The accumulation of heavy metals in the environment due to human activities can become hazardous to living organisms [1,2]. Moreover, anthropogenic sources of heavy metals have a critical impact on human health. Most airborne heavy metals are released into the environment through different processes that involve fossil fuel burning, such as industrial, mining, and smelting activities [3]. Industrial activities generate mercury, lead, cadmium, chromium, cobalt, nickel, copper, zinc, and arsenic. Chromium is mainly produced in the ferrochrome industry and from chromate production in the form of hexavalent chromium [3]. Nickel dust fumes are generated through nickel alloy production, in which inhalation is the main route of exposure. However, traffic pollution, specifically particulate matter emissions, has attracted increased attention worldwide since it has impacted urban areas and the health of residents in crowded cities [4].

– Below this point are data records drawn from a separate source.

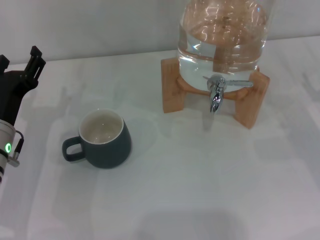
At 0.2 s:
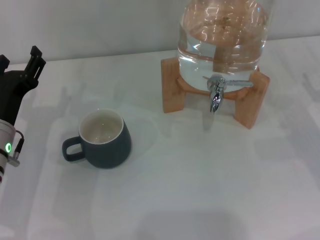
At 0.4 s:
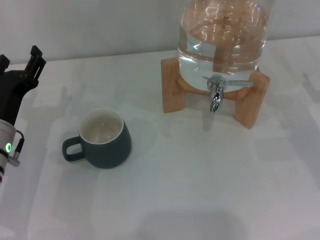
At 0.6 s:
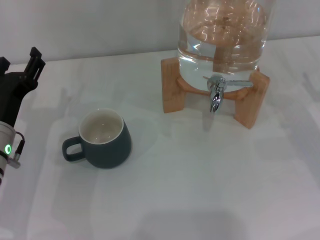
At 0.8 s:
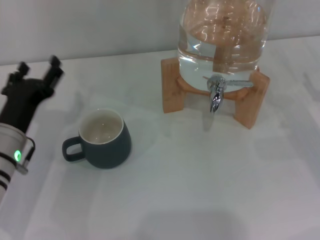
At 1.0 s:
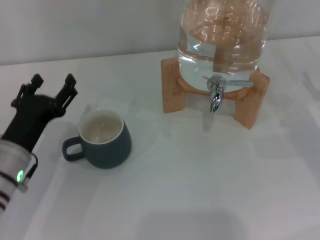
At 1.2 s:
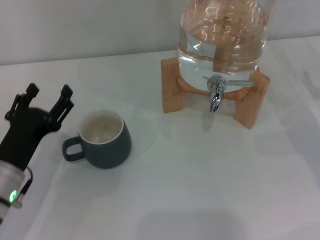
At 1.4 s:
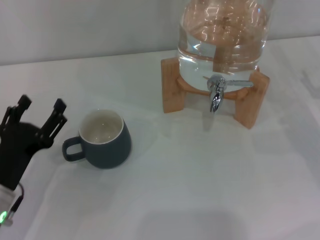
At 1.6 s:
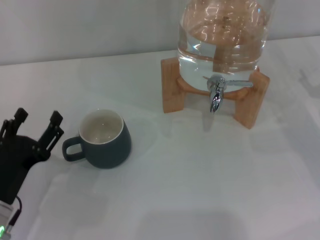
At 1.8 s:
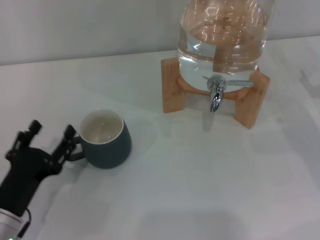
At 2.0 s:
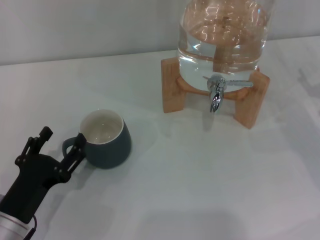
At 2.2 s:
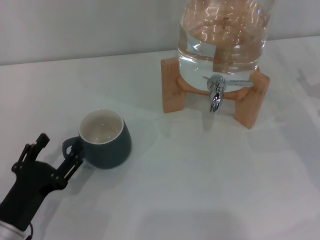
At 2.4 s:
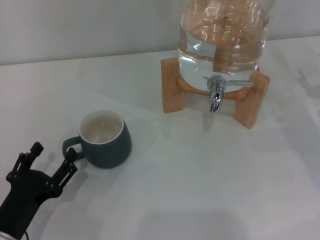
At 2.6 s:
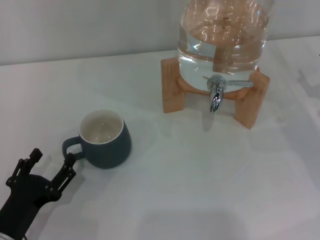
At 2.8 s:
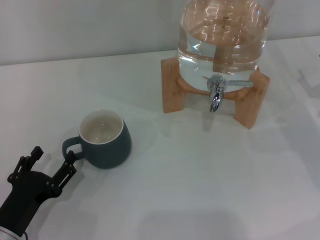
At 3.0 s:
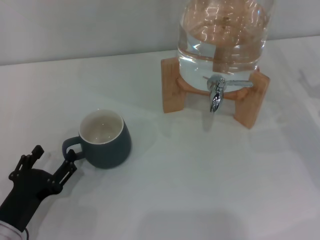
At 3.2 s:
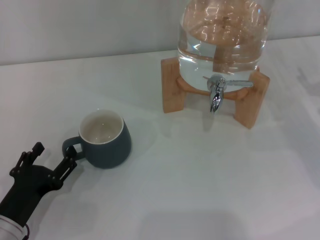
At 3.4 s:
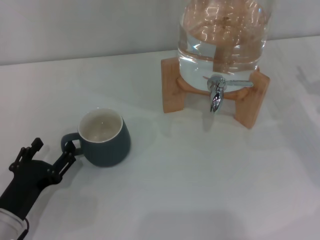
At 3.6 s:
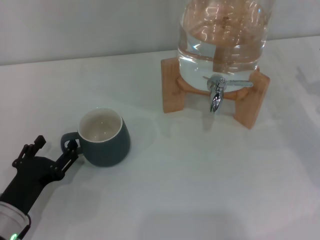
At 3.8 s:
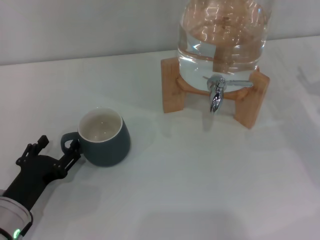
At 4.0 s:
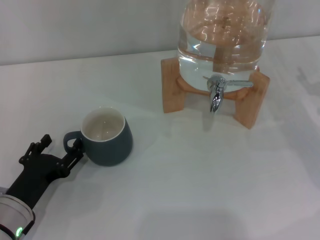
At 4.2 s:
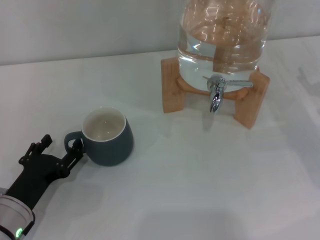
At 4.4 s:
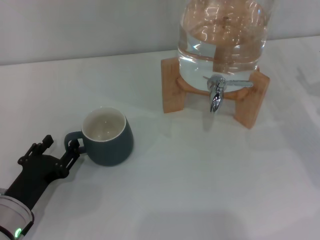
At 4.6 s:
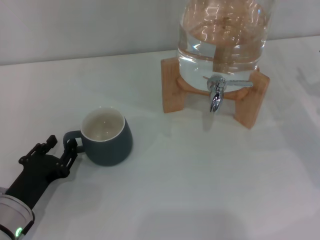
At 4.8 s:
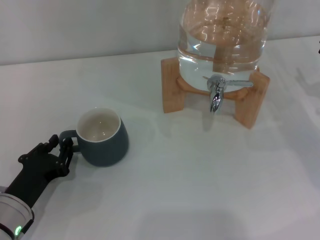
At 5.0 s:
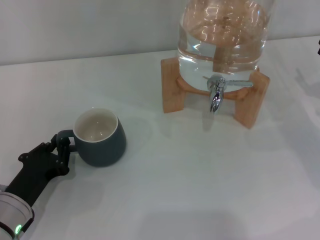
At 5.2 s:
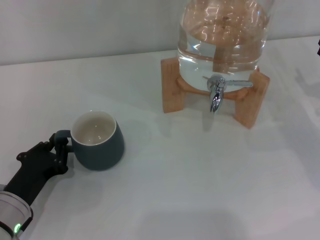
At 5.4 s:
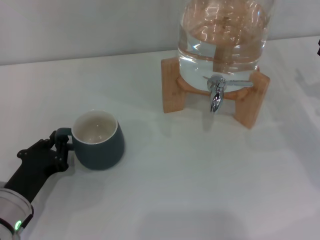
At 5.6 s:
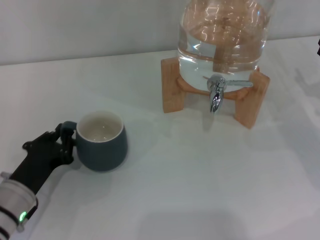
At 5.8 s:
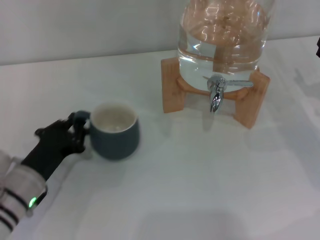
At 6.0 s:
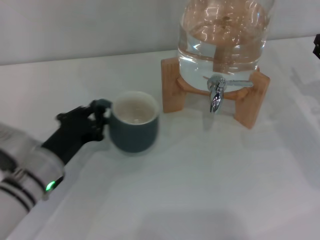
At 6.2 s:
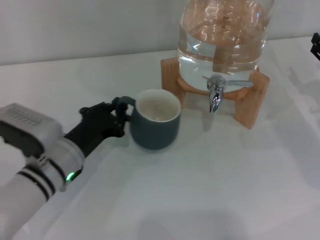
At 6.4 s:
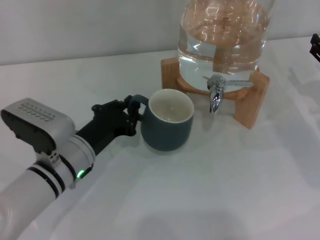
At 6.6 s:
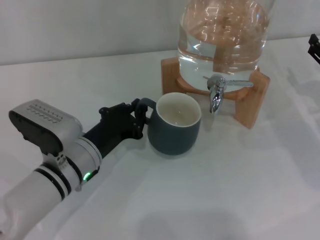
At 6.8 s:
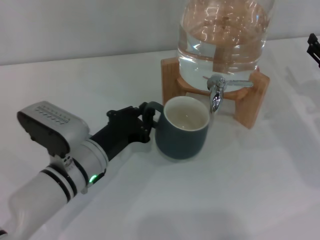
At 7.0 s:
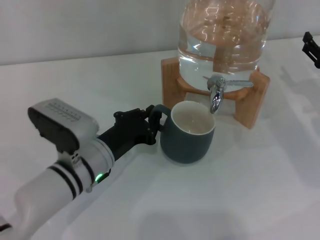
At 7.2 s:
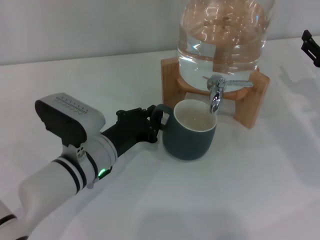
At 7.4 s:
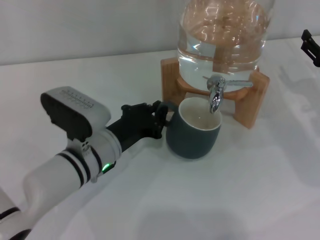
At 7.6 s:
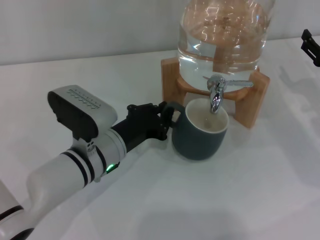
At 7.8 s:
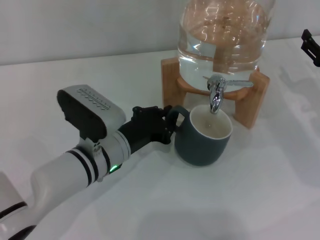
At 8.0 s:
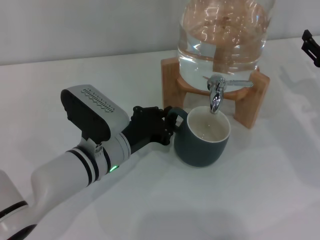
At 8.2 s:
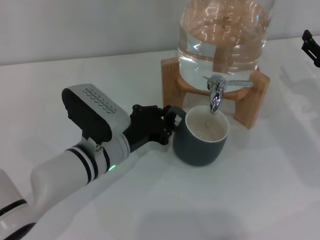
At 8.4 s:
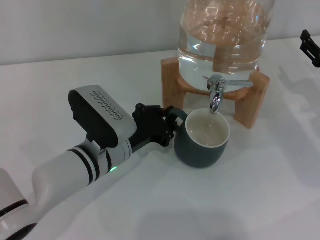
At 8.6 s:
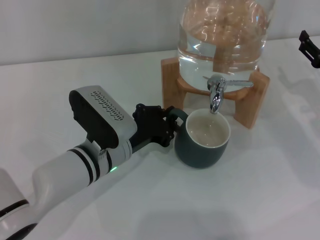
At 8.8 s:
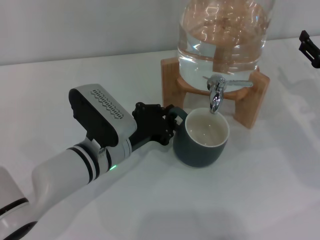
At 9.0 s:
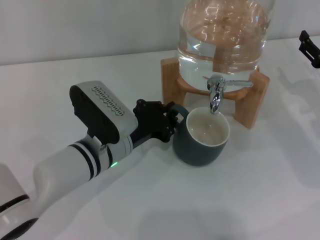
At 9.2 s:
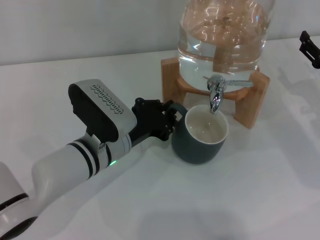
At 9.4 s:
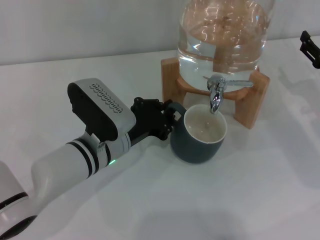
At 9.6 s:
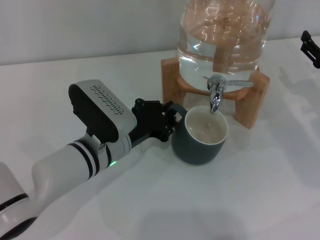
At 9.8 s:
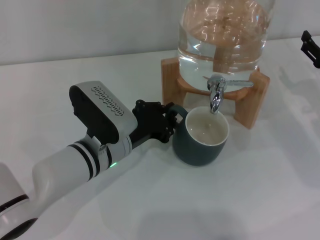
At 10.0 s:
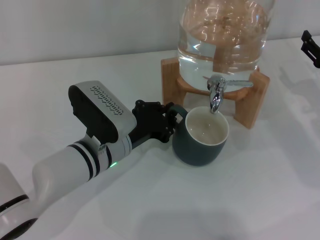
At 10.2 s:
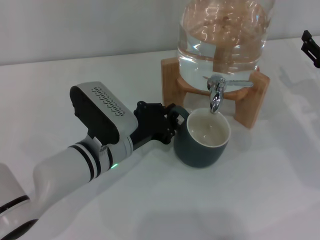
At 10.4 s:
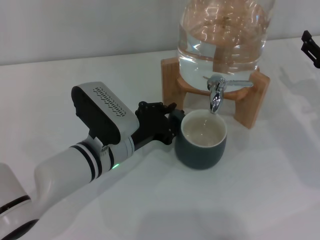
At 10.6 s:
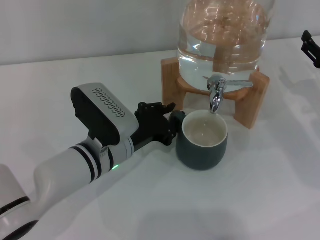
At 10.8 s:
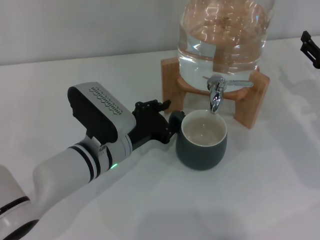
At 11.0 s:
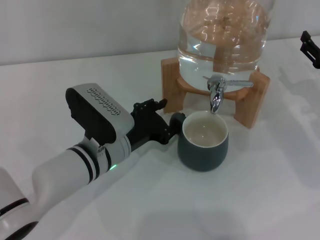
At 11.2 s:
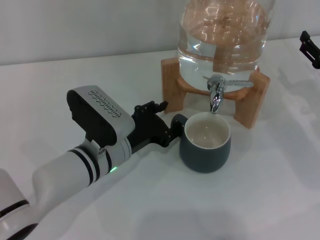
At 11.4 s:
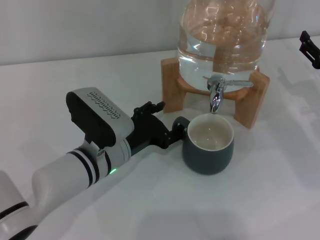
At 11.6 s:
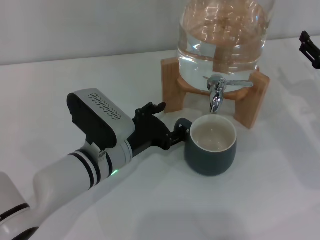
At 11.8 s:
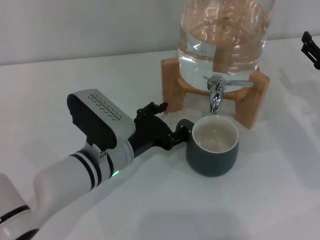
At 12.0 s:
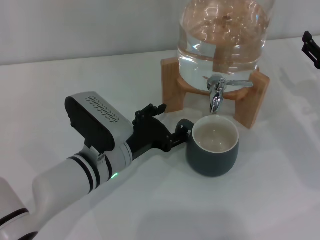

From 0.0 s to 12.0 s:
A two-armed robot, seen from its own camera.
Task of the whole recording: the left gripper pick up the black cup and place it horizontally under the faucet, the right gripper turn on the faucet to fill the cup, and then turn off the faucet.
From 0.0 s to 1.6 s: The left gripper is displaced backward by about 10 cm.
From 1.6 s to 4.4 s: The grippers move only a little.
From 4.4 s to 6.0 s: The left gripper goes some 5 cm forward, and closes.
From 6.0 s to 7.6 s: The left gripper is displaced to the right by some 10 cm.
From 7.6 s to 9.0 s: There are only small adjustments of the grippers.
From 9.0 s to 10.4 s: Both grippers stay about where they are.
From 10.4 s to 12.0 s: The left gripper opens its fingers.

In a global index of countries with record economic growth over the past 20 years, Qatar has come out on top due to its wealth derived from oil and gas resources. These exceptional developments have been accompanied by heavy traffic and industrial operations [5]. According to the Fédération internationale de football association (FIFA) dust management research in Qatar, Qatar has significant quantities of particulate matter, primarily due to the dry climate, and readily transported fine particulates from the desert contaminate the air and harm people’s health when they enter cities and towns [6]. Furthermore, the country is rapidly developing, necessitating construction work and heavy traffic, which adds to air pollution [4]. To the best of our knowledge, no studies about the effects of heavy metals on human health have been carried out in Qatar. Additionally, based on accepted standards, there are no studies about how the reported heavy metals of traffic dust are associated with health effects, particularly in humans.

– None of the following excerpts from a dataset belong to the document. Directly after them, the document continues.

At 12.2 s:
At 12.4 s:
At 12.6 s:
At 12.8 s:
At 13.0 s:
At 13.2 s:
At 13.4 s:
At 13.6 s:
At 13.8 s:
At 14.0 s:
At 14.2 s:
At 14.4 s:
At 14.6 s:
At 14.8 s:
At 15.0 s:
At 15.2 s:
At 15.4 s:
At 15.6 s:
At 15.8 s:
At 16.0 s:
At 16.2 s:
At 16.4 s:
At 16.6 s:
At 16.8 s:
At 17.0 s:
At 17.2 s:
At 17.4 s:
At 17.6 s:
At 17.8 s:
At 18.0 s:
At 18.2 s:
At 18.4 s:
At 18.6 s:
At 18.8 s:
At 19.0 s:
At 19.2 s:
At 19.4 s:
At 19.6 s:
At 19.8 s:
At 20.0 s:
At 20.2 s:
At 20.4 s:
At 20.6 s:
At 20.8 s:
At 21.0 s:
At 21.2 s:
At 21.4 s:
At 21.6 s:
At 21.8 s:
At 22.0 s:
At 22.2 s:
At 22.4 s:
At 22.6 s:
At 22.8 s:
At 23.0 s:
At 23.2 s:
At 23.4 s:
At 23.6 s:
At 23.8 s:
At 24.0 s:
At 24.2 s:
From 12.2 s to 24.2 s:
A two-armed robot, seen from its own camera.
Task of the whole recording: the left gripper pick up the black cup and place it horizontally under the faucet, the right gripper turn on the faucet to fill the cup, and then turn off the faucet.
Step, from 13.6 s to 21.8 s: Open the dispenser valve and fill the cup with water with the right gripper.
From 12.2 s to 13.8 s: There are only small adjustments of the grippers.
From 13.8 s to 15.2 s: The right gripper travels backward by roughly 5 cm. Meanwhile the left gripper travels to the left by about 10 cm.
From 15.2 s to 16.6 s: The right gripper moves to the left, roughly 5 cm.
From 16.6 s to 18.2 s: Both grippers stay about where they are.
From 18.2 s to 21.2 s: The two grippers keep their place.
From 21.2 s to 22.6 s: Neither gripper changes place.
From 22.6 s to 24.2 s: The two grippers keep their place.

Particulate matter (PM) is an air pollutant that poses a high risk to human health since fine particles can penetrate deep into human organs, causing irritation and long-term damage [7]. PM toxicity mainly depends on particle size, chemical composition, and particle characteristics [7,8]. Among several constituents of PM, heavy metals were found to be part of the chemical composition of PM regardless of their sources, which means they travel through the atmosphere easily [9]. PM’s toxicity and harmful effects on human health depend mainly on the type of heavy metals adsorbed to PM surfaces [8]. Moreover, when heavy metals’ concentration exceeds the permissible limits, they become toxic to humans, causing several short- and long-term morbidities, including cancer [3]. The harmful effects associated with high concentrations of heavy metals have been increasing due to increased human anthropogenic activities. Each element of heavy metals induces distinct toxicities since the adverse health effects are distinctive in relation to the exposure routes of the toxicant [3]. Heavy metal toxicity targets different organs and systems in the human body, such as the kidneys, liver, heart, skin, nervous system, reproduction, and immune responses. In addition, some heavy metals induce carcinogenicity and genotoxicity [3].

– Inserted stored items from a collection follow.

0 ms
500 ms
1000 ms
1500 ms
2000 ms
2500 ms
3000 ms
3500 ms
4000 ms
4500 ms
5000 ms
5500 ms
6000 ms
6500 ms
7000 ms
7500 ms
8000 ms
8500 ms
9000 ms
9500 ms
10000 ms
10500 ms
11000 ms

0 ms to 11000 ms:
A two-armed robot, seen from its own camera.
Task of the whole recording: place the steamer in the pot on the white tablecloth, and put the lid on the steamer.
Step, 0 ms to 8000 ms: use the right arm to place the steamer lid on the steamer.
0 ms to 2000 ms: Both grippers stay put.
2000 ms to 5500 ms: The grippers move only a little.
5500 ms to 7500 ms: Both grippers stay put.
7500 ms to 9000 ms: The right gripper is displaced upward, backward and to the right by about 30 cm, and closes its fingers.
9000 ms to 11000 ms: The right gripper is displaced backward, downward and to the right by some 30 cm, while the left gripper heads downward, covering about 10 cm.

Heavy metals’ toxic effects through inhalation routes are slightly different compared with other routes of exposure. For instance, the main harmful effects of mercury by inhalation are neurotoxicity and renal toxicity, but it also affects the kidneys and the thyroid [10]. Furthermore, chronic exposure to mercury-contaminated air affects the central nervous system and kidneys [11]. Chromium in its hexavalent form is carcinogenic and genotoxic, specifically to lung tissues. Other effects due to chromium exposure include pulmonary and heart-related toxicity [3]. The nickel exposure route is mainly inhalation; therefore, its carcinogenic effect includes several epigenetic effects in addition to the evolution of lung and nasal cancers [11]. Moreover, its noncarcinogenic effects include dermatitis, gastrointestinal manifestation, lung fibrosis, and cardiovascular diseases [11]. The inhalation of arsenic causes cardiovascular disease and respiratory cancer [2]. Cadmium is carcinogenic and damages the kidneys and bone when exposed to it for long periods. However, acute exposure has a detrimental effect on the respiratory system [12,13]. Long-term exposure to cobalt induces respiratory system distress, such as asthma, while chronic exposure might cause cancer when combined with tungsten carbide [14].
All the above-listed risks become more intense when the susceptible population is children, adults, people with weak immunity, and pregnant women, who are more likely to experience disease severity [15]. Children and other young adults are especially vulnerable because of high amounts absorbed across the gastrointestinal system, which also involves rapid cell metabolism. Children are more affected if they are exposed to deficient levels compared to healthy adults, who might have fewer unhealthy consequences [16]. In pregnant women who have a high probability of a miscarriage, stillbirth, or giving birth to a child with a birth defect, these probabilities could all be increased by exposure to heavy metals. These metals may also impact fetal brain growth [17]. The neuro-developmental consequences of lead exposure in children are one of its significant effects on human health. Children between the age of 0 and 5 years old who are exposed to very low amounts of lead may experience developmental effects and subsequently have lower IQs [18]. Children’s activities and behavior, especially “pica” behavior in which young children accidentally or purposefully consume large amounts of soil, can increase children’s exposure above that of adults in the same environment [19]. Moreover, the exposure of pregnant women to lead causes a significant risk as it crosses the placental barrier during pregnancy, inducing growth impacts on the embryo in the uterus [20].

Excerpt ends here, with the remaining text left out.